- **Dataset entries**
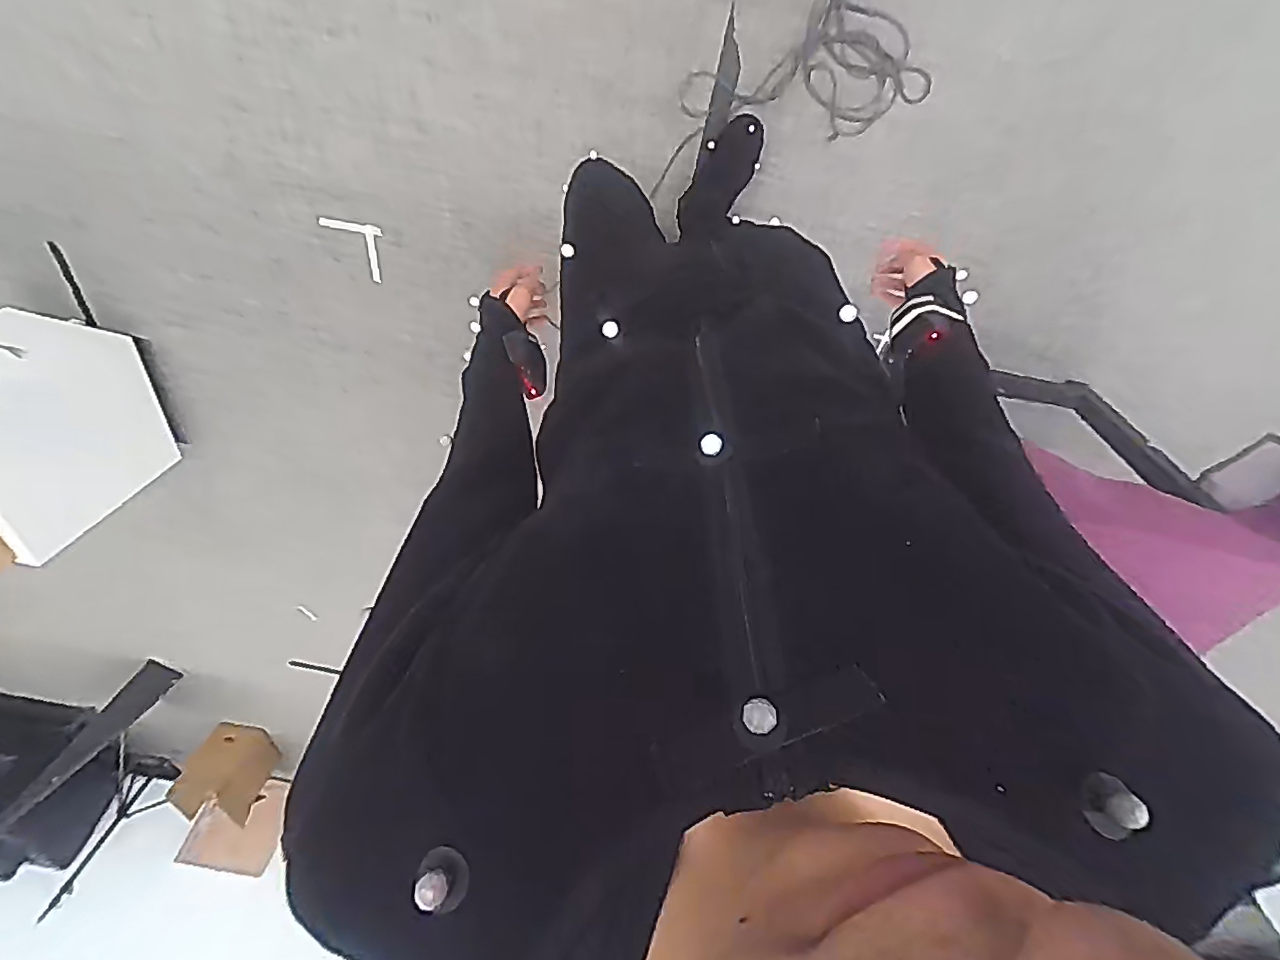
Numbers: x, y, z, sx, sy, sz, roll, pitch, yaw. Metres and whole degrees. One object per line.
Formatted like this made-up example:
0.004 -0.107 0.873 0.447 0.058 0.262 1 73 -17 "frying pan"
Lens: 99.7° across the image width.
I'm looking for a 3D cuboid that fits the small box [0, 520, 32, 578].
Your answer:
-1.902 0.204 1.512 0.179 0.176 0.168 12 129 -1 "small box"
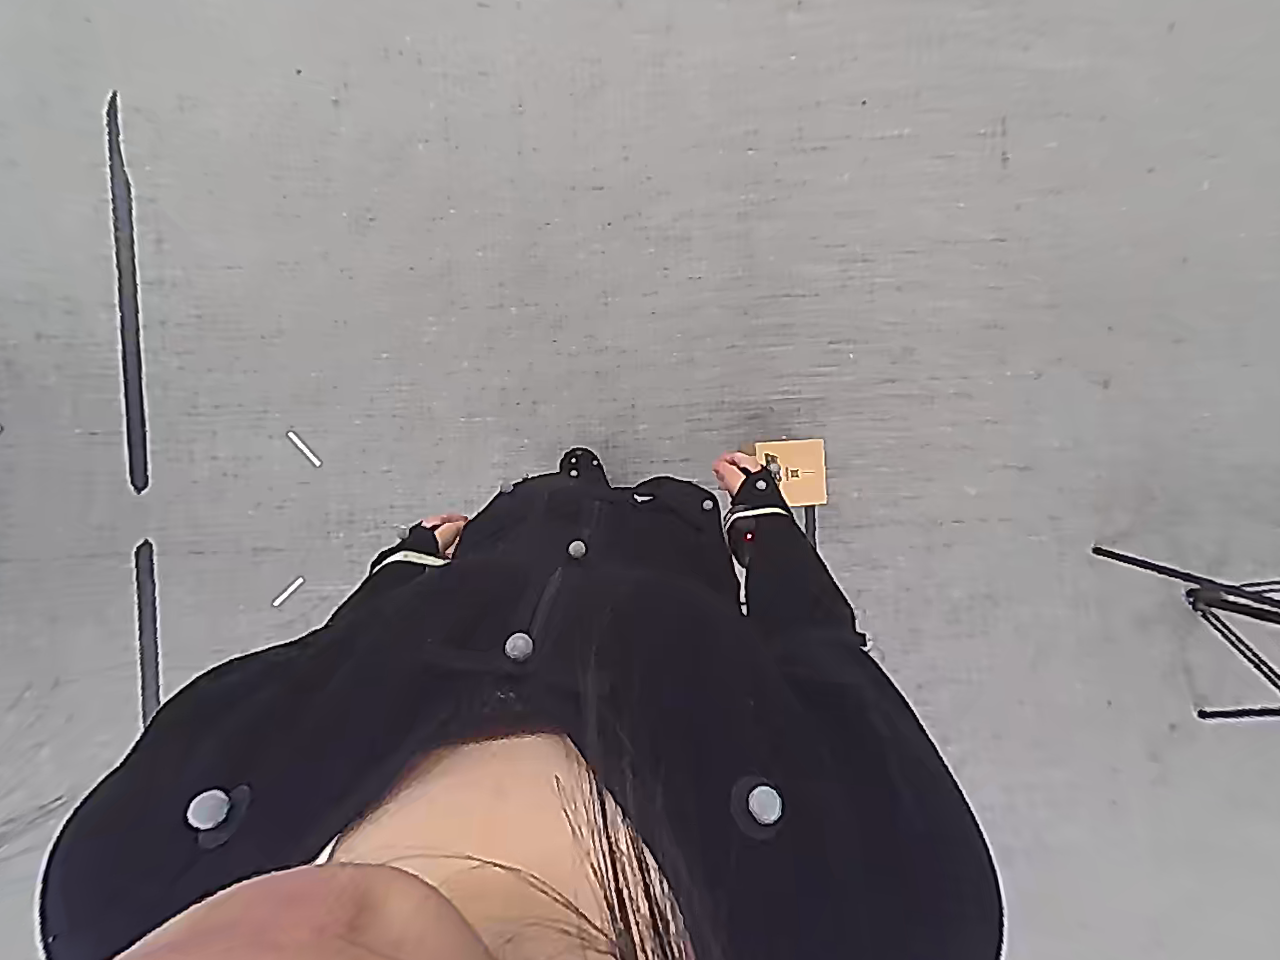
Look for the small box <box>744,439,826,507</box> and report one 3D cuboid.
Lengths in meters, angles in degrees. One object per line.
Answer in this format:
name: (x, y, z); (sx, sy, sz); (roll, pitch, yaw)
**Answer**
small box: (0.373, -0.019, 1.425); (0.179, 0.176, 0.168); (-4, 93, -1)
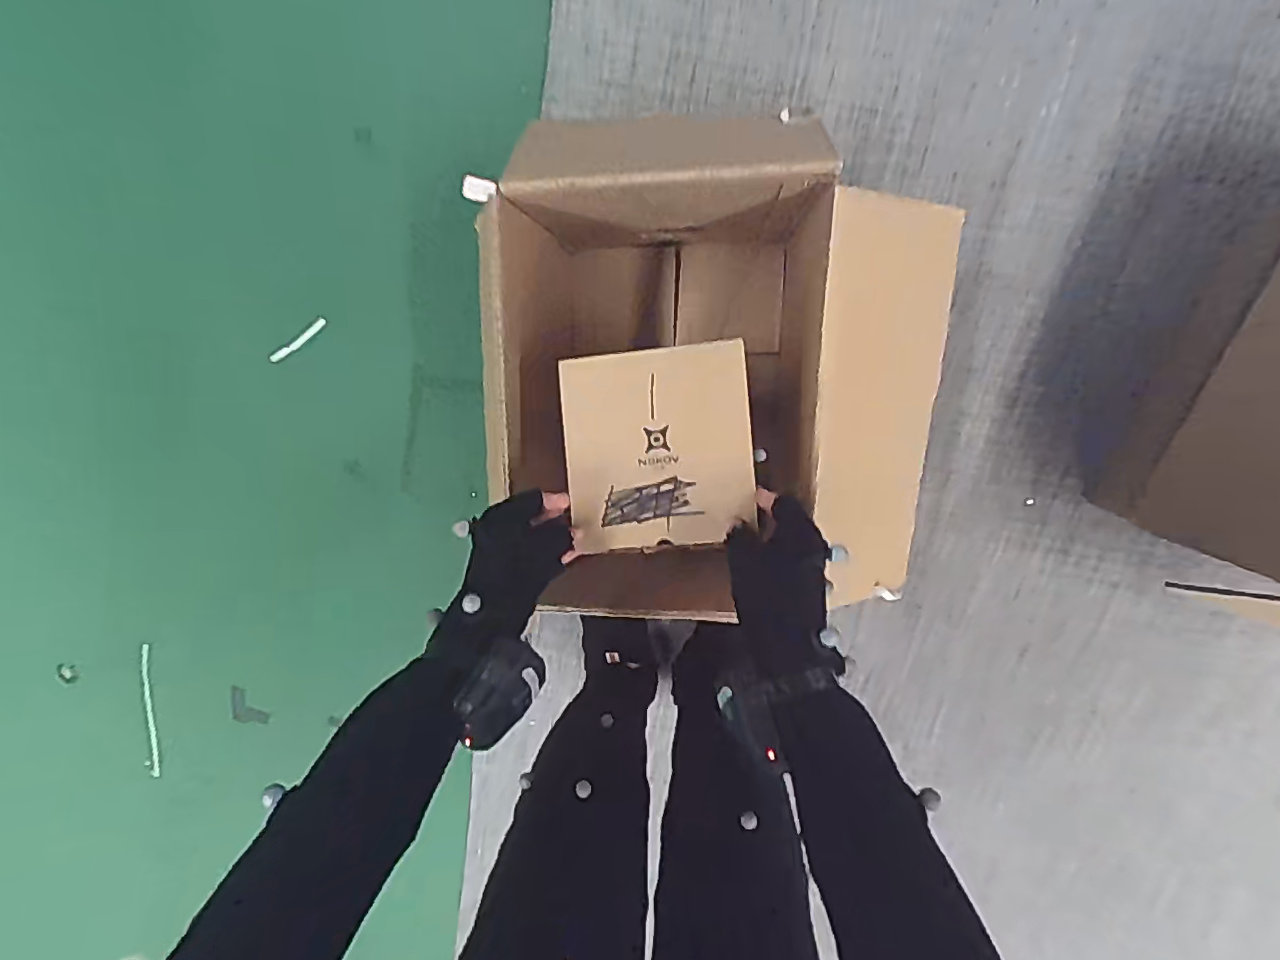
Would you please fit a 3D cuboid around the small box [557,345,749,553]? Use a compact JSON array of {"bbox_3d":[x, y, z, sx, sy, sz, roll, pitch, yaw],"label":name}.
[{"bbox_3d":[0.025,-0.028,0.558,0.168,0.176,0.179,-5,90,10],"label":"small box"}]

- **WHAT IS NEEDED**
Line by line, count how many lines of the entries contain the word "degrees", and give only that number.

- **EXERCISE SOLUTION**
2